You will find that most heroes prefer to wear something... unique, a sort of personal statement made to others, a voice from my recent past said to me. A hero's reputation can have a very powerful impact on the opposition, so it is often wise to let that speak for itself even from a distance. Most heroes favor names as unique as their costumes as well, so you may wish to think carefully about whom you wish to be known as to the denizens of Paragon City.

"Cale is dead," I finally said aloud as I reached for the uniform. "But yet his reputation lives. There will be a new hero to arise to wear this suit, as it is just as much of a hero as he was. Sad that there will be no grave to be dug, nor funeral to attend to bid farwell to him. Instead, a monument will be erected in his honor, a cenotaph to mark his passing."
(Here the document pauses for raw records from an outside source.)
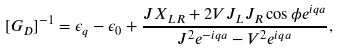Convert formula to latex. <formula><loc_0><loc_0><loc_500><loc_500>[ G _ { D } ] ^ { - 1 } = \epsilon _ { q } - \epsilon _ { 0 } + \frac { J X _ { L R } + 2 V J _ { L } J _ { R } \cos \phi e ^ { i q a } } { J ^ { 2 } e ^ { - i q a } - V ^ { 2 } e ^ { i q a } } ,</formula> 
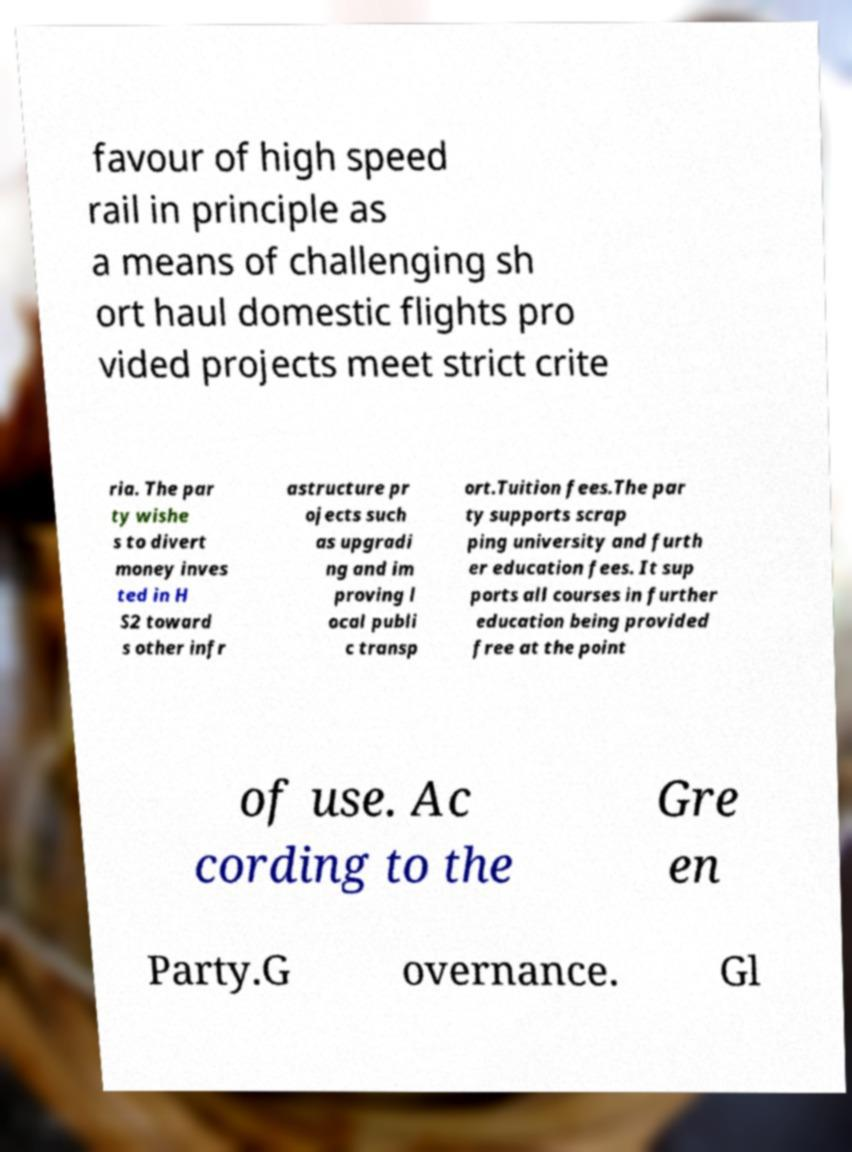What messages or text are displayed in this image? I need them in a readable, typed format. favour of high speed rail in principle as a means of challenging sh ort haul domestic flights pro vided projects meet strict crite ria. The par ty wishe s to divert money inves ted in H S2 toward s other infr astructure pr ojects such as upgradi ng and im proving l ocal publi c transp ort.Tuition fees.The par ty supports scrap ping university and furth er education fees. It sup ports all courses in further education being provided free at the point of use. Ac cording to the Gre en Party.G overnance. Gl 
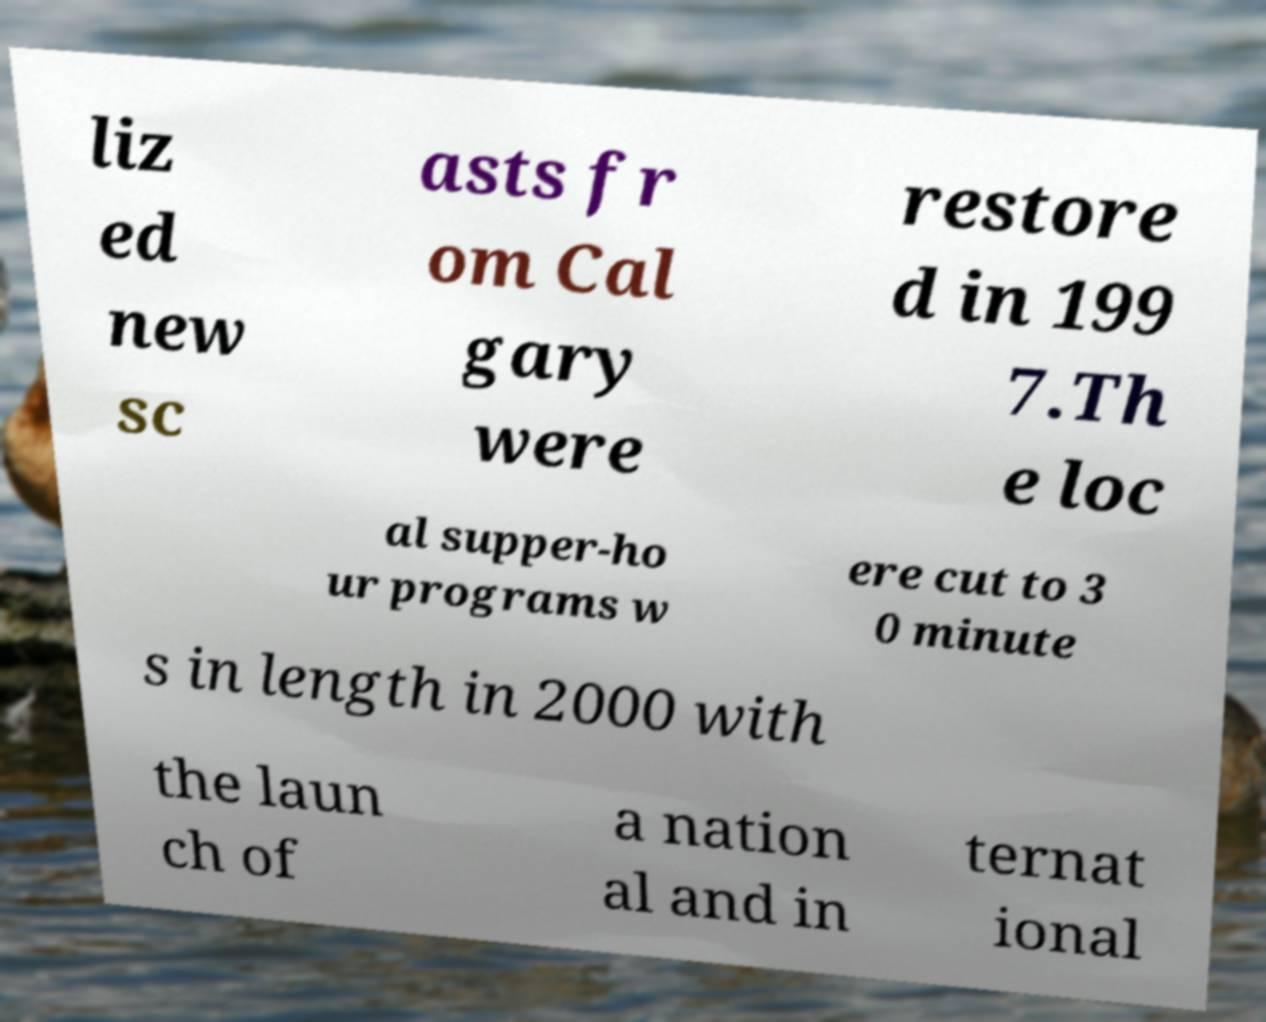Can you accurately transcribe the text from the provided image for me? liz ed new sc asts fr om Cal gary were restore d in 199 7.Th e loc al supper-ho ur programs w ere cut to 3 0 minute s in length in 2000 with the laun ch of a nation al and in ternat ional 
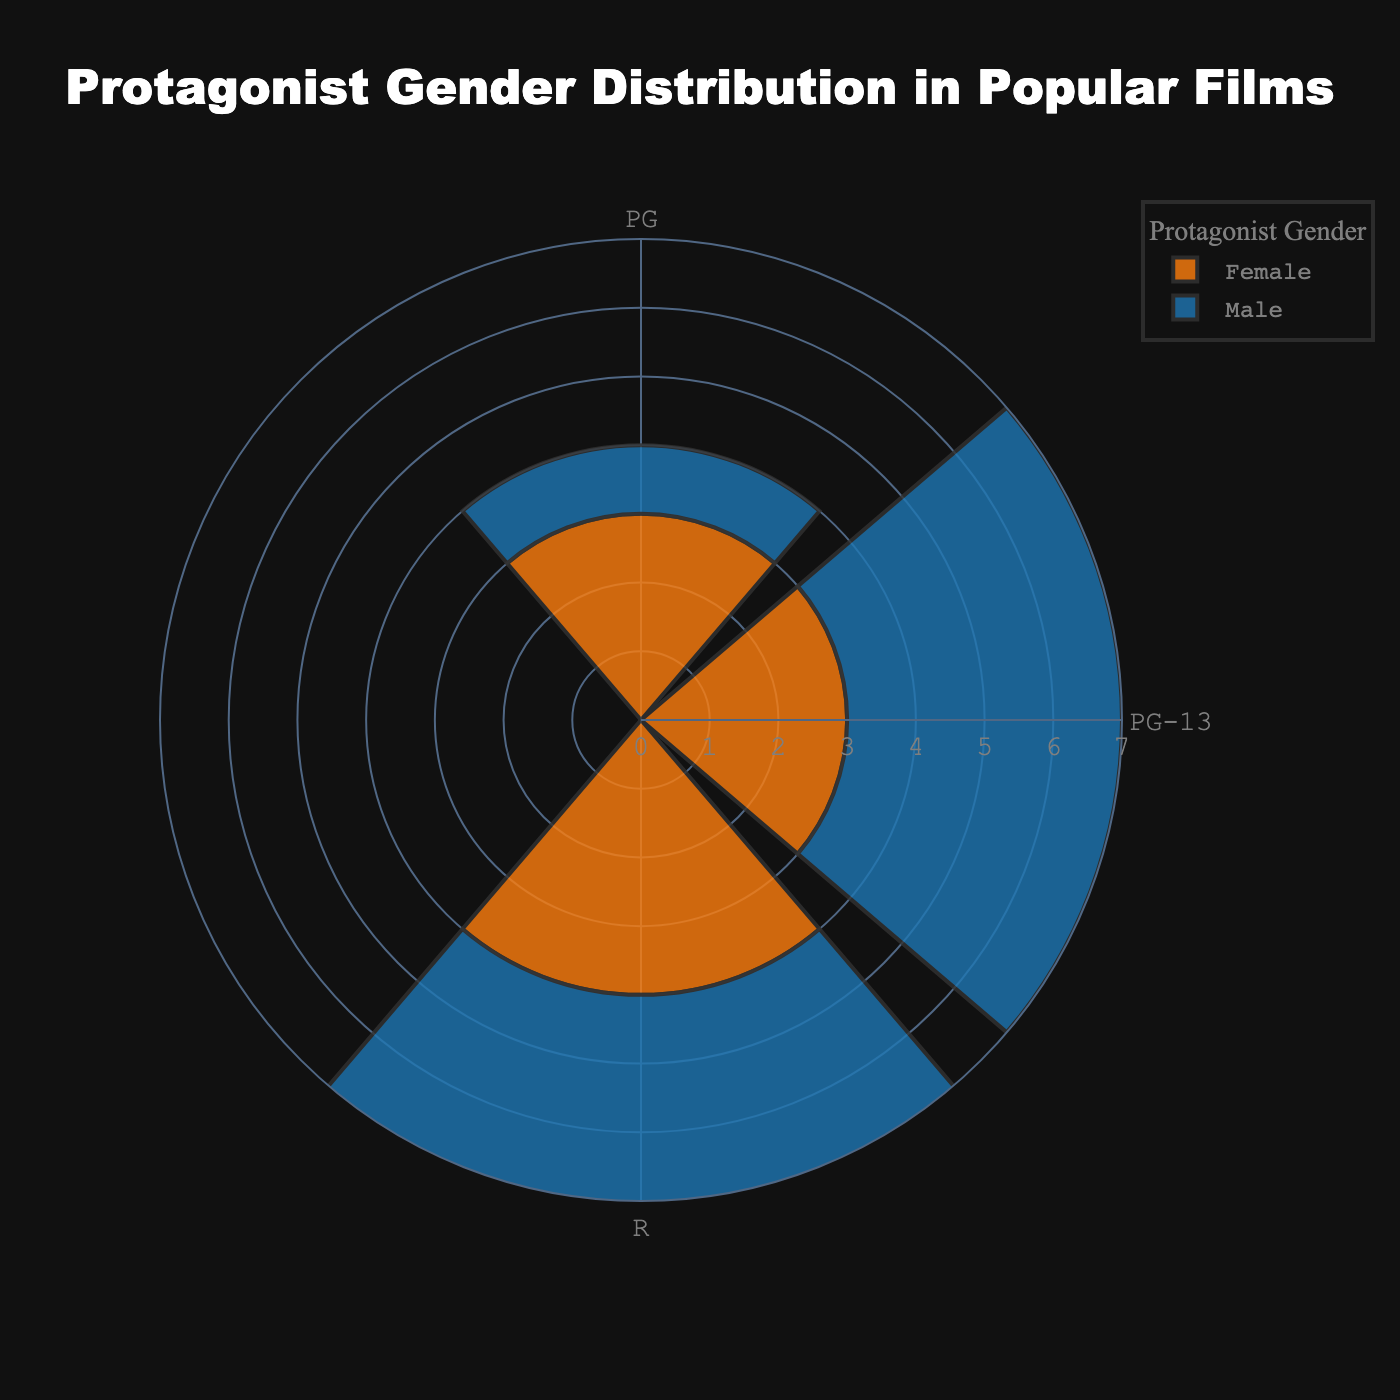What's the title of the figure? Look at the top of the figure, the title is typically displayed there.
Answer: Protagonist Gender Distribution in Popular Films What rating has the most female protagonists? Observe the bars labeled by gender and rating, then compare the cumulative heights.
Answer: PG Which gender has a higher protagonist count in PG-13 rated films? Compare the bar lengths corresponding to 'Male' and 'Female' in PG-13 rating.
Answer: Male What is the total count of male protagonists across all ratings? Sum the counts of male protagonists in all ratings by adding the respective bar lengths.
Answer: 7 Which rating has the highest count of protagonists? Look for the rating that has the highest cumulative bar heights across all genders.
Answer: PG-13 What is the difference in count between male and female protagonists in R rated films? Calculate the difference by subtracting the count of female protagonists from that of male protagonists in R rating.
Answer: 3 Considering PG-rated films, what's the ratio of female protagonists to male protagonists? Divide the count of female protagonists by the count of male protagonists in PG rating.
Answer: 3:1 In which rating category do male and female protagonists have the same count? Check if any rating has equal bar heights for both genders.
Answer: None How many total protagonists are there in PG-13 rated films? Sum the counts of both male and female protagonists in PG-13 rating.
Answer: 7 Which rating category has the least number of female protagonists? Identify the rating with the shortest bar for female protagonists.
Answer: R

It only took a few moments to dispose of my sweatpants and slip back into the form-fitting uniform, sealing clasps and tighting buckles with practiced ease. After all, I had been putting it on for months now and it was literally like a second skin to me. Something caused me to hesitate when it came to the translucent cape, however, holding it gently in my hands before putting it back on the hanger. Statesman took off his cape to honor the memory of Hero 1 and the Omega Team, and so I thought it fitting to do the same for the memory of my past. Perhaps I would wear it again one day, when the time was right, but for now it would remain tucked away.

Fully dressed, I turned back to Lune Fen and picked up my glasses. The lenses were tinted a dark green to help compensate for the laser-damage done to my eyes when I first arrived in this dimension a lifetime ago.

"And I," I said to him as the glasses were settled into place, "Will be that monument. Let us go to Galaxy City to meet with this Shadowstar, then, for the City of Heroes never sleeps."

And with that a new hero was born, fused from two souls, and henceforth known not as Cale Westmarch or Balregu, but only as the Dark Cenotaph.